Is there a way to simplify the Code for Nodes by somehow adding condition_variable to the Queue and using that to synchronize and signal all output nodes to stop wait? (I have some ideas for this in the comments of the Queue class.. but need to be sure about race conditions and blocking stuff...)
Finally, a bit more open ended for the future.. I have to make the ``Queue` bounded at some point. What would be the most optimal way to handle this? The processing times of different nodes could be different and large queues could form at 'some' places but not others. Is it possible to have a global bound on total number of queued items rather than local bound on each queue?

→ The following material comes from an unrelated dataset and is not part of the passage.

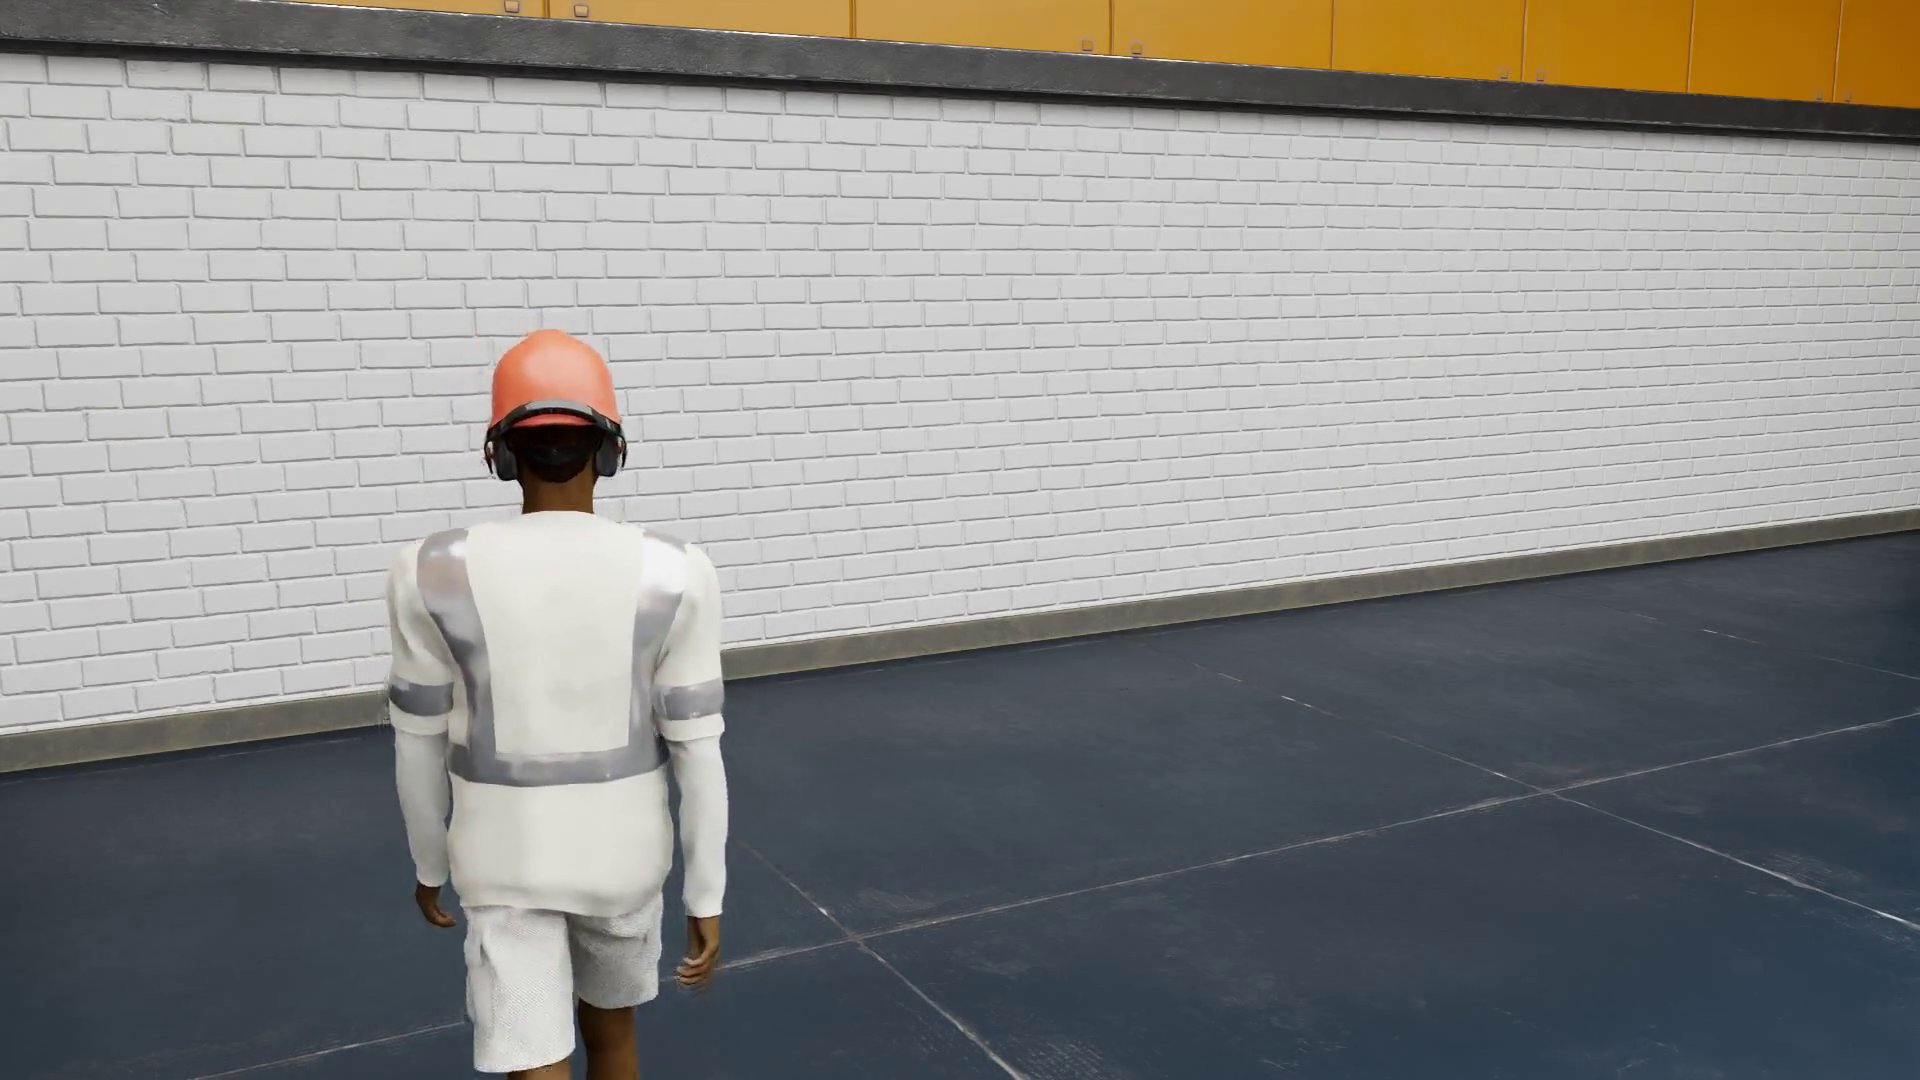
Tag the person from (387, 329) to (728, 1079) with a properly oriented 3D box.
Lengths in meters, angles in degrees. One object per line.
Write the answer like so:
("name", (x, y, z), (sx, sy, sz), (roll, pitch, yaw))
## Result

Please do not update the code in your question to incorporate feedback from answers, doing so goes against the Question + Answer style of Code Review. This is not a forum where you should keep the most updated version in your question. Please see what you may and may not do after receiving answers. — Mast, Commented May 6, 2023 at 16:44

Ajinkya Kamat · Accepted Answer · 2023-05-05 04:49:44Z

General

typedef is not needed in C++ for structs
In C++, one tends to have public members first and then private members. similarly constructors and functions generally come before member variables.
All classes with virtual functions must have a virtual destructor.
It's considered bad practice to have protected members. It is also considered bad practice to have member variables in base classes that are pure virtual
Avoid having _ as a prefix to before any names. Its against C++ guidelines.

Architecture

Your hierarchies are too deep. There is very little to be gained from having a Node class. Also, it is the cause of the ambigous base error in Processor. Look up diamond dependency issue.
The NodesWithOutput and NodesWithInput is leaking variables. Everytime, the getters are called a new shared_ptr is created. Looking at the usage you could have easily made it into a struct.
Further there is no point having NodesWithOutput and NodesWithInput, why not just create a class called Pipe and let the Nodes have a shared_ptr to it?
Do you intend to write a new Producer, Consumer and Processor class everytime you have to have a new way to produce, process or consume something? This is too much broilerplate code to achieve something mundane.
Since the Queues are shared it which means that if you have multiple consumers then only one of the queue will get the packet.

Final word

There are many other issue. But the main issue is the architecture. It is needlessly complicated. I would start with something like this. Disclaimer: The code below is not not tested. It only serves as a rough sketch of how I would rearchitect the code

#include <memory>
#include <queue>
#include <mutex>
#include <condition_variable>
#include <functional>

template<typename T>
class Queue
{
public:
    T pop()
    {
        auto lock = std::unique_lock(mMutex);
        mConditionVariable.wait(lock, [this]{return !mQueue.empty();});    
        auto element = mQueue.front(); 
        mQueue.pop();
        return element;
    }

    void push(T&& t)
    {
        auto lock = std::unique_lock(mMutex);
        mQueue.push(t);
    }

    bool empty()
    {
        auto lock = std::unique_lock(mMutex);
        return true;
    }

private:
    std::condition_variable mConditionVariable;
    std::queue<T> mQueue;
    std::mutex mMutex;
};

template<typename T>
class Producer
{
public:

    void run()
    {
        while(1)
        {
            mOutputQueue->push(mProduce());
        }
    }

    void connect(std::shared_ptr<Queue<T>> q)
    {
        mOutputQueue = q;
    }

private:    
    std::function<T()> mProduce;
    std::shared_ptr<Queue<T>> mOutputQueue;
};

template<typename T>
class Processor
{
public:

    void run()
    {
        while(1)
        {
            mOutputQueue->push(
                mProcess(
                    mInputQueue.pop()
                )
            );
        }
    }

    void connectInput(std::shared_ptr<Queue<T>> q)
    {
        mInputQueue = q;
    }

    void connectOutput(std::shared_ptr<Queue<T>> q)
    {
        mOutputQueue = q;
    }

private:
    std::function<void(T)> mProcess;
    std::shared_ptr<Queue<T>> mInputQueue;
    std::shared_ptr<Queue<T>> mOutputQueue;
};

template<typename T>
class Consumer
{
public:

    void run()
    {
        while(1)
        {
            auto value = mInputQueue->pop();
            mConsume(std::move(value));
        }
    }

    void connectInput(std::shared_ptr<Queue<T>> q)
    {
        mInputQueue = q;
    }


private:
    std::function<void(T&)> mConsume;
    std::shared_ptr<Queue<T>> mInputQueue;
};

If you can refactor the code to look something like this and repost it. I can review it and make it robust. I suspect there are race conditions which we are unaware of but they will start to be apparent only after the code is readable.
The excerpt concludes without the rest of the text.